The Bitcoin protocol is a pseudonymous system that provides transparency and privacy according to users’ needs. To maintain privacy in transactions, it is necessary to adopt some precautions.
In the common imagination, it is thought that Bitcoin is an anonymous system where it is impossible to trace the identities behind a transaction. However, the reality is quite different. Bitcoin, in fact, is a pseudonymous system where participants protect their identity through the use of addresses, which are strings of alphanumeric characters.
The privacy feature in the Bitcoin protocol is a crucial element, to the extent that it has a dedicated section in the white paper written by Satoshi Nakamoto.
The transparency of the blockchain
The Bitcoin blockchain is, among other things, a public and transparent transaction ledger. This feature is fundamental for the security of the protocol but can also entail compromises in terms of privacy.
Unspent Transaction Outputs (UTXOs), the ‘banknotes’ of Bitcoin, can be traced through the blockchain. Anyone can follow the path of a transaction and monitor the addresses.
For instance, if a certain amount of bitcoin is purchased on a centralized exchange, which requires documents and personal data, and later transferred to a personal wallet, the identity behind the UTXOs can become traceable. The documents provided to the exchange can be linked to the UTXOs deposited in the wallet, risking the disclosure of the identity of the owner of those bitcoins.
On the other hand, if no additional information is available, it is quite challenging to uncover the identity behind a specific UTXO.
KYC and Blockchain Surveillance
A crucial aspect of achieving privacy in transactions concerns the origin of funds. If bitcoins are purchased on peer-to-peer markets where UTXOs are hardly traceable to a specific identity, the situation is significantly different. However, it is essential to be cautious not to mix these funds with those from centralized exchanges.
Avoiding the KYC/AML process to purchase bitcoins is another way to protect one’s privacy. Thanks to these procedures, combined with additional data, there are companies that seek to trace all movements on the blockchain and discover the identities of bitcoin holders.
One such company in this category is Chainalysis, a firm that conducts blockchain analysis and provides data, research, and software to government agencies, exchanges, and financial institutions. The company has developed two proprietary software solutions for investigations into financial crimes, monitoring blockchains of various cryptocurrencies.
Other companies involved in blockchain surveillance include well-known names like Elliptic, Neutrino, and Ciphertrace.
Address Reuse and Coin Control
In Bitcoin, the balance of each address is visible on the blockchain. Therefore, if one were to consistently use the same address to receive payments, anyone aware of that address could verify the amount of associated bitcoin.
Every time you receive a bitcoin transaction, it is advisable to use a new address.
Since all transactions are publicly recorded on the blockchain, the approach to sending and receiving payments plays a crucial role in determining which information becomes accessible to external parties.
Gaining a basic understanding of Coin Control is essential to comprehend how to spend or receive funds and limit the information visible to entities keen on tracking spending behaviors and the bitcoin balance of their wallets.
Change handling
Another aspect to consider is the management of change. In the case of a transaction that does not spend the entire UTXO, the wallet generates a new address to allocate the change. In this context, the payment recipient might assume that the bitcoins not included in the transaction are still under the sender’s control.
CoinJoin
CoinJoin is a specific type of collaborative transaction designed to break the link between the past and future history of UTXOs. In CoinJoin, participants simultaneously send their UTXOs, which are mixed together, broken into pieces, and randomly distributed among participants. Naturally, each participant will receive the same amount of bitcoins sent, minus a small fee.

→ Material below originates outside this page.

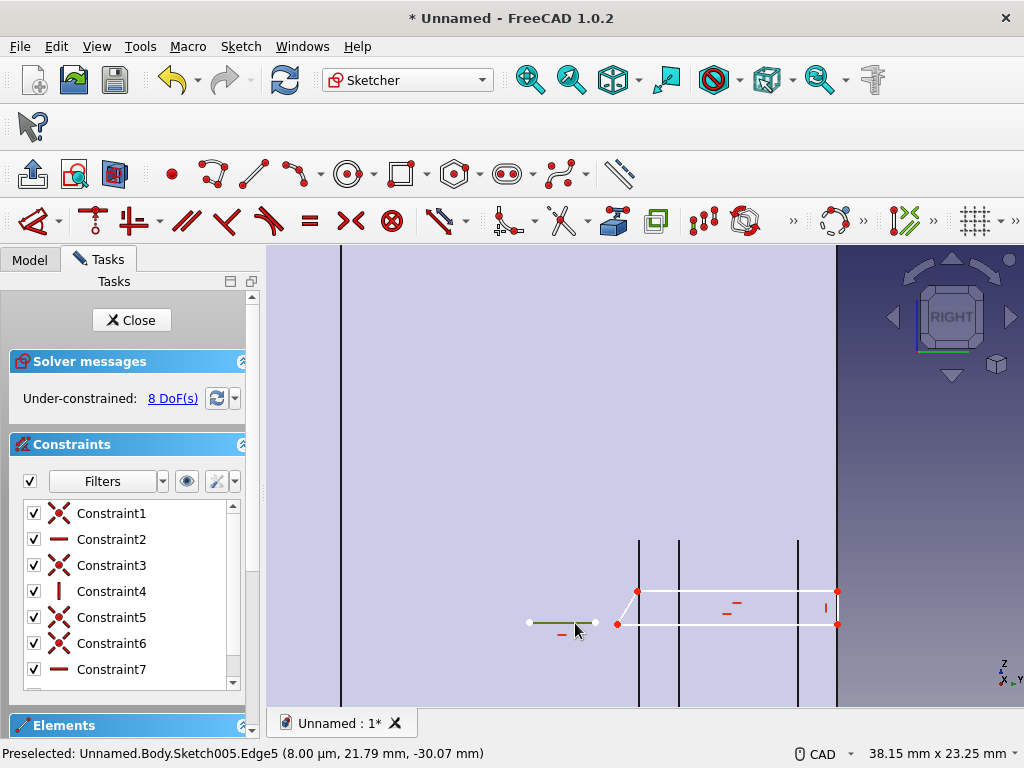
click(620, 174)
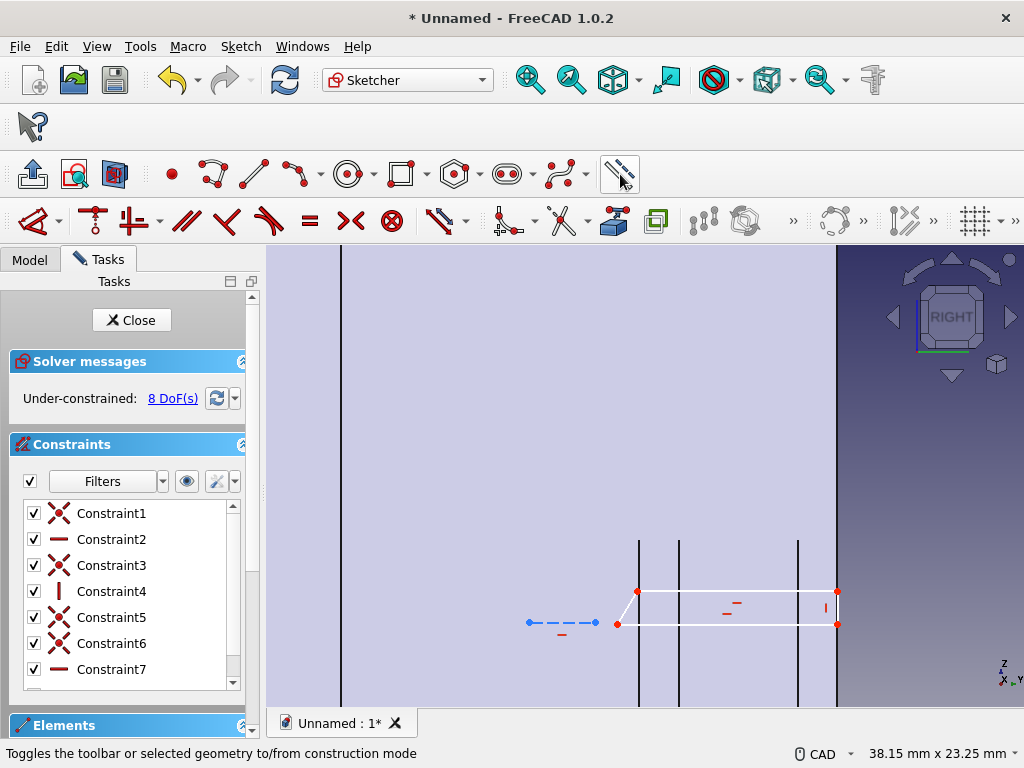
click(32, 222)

The use of CoinJoin makes it practically impossible to reconstruct the financial path that could be traced back to a specific identity. Several applications implement this protocol, including Join Market, Whirlpool, and Wasabi.
PayJoin
PayJoin involves a collaborative transaction between the user making a payment and the one receiving it. In practice, along with the inputs from the sender, one of the inputs from the recipient is included in the transaction, confusing any external observers.
A transaction of this kind could be interpreted as a regular transaction.
PayJoin disrupts the main heuristic used by blockchain surveillance companies, namely the common-input-ownership heuristic, which assumes that all inputs are controlled by the same user.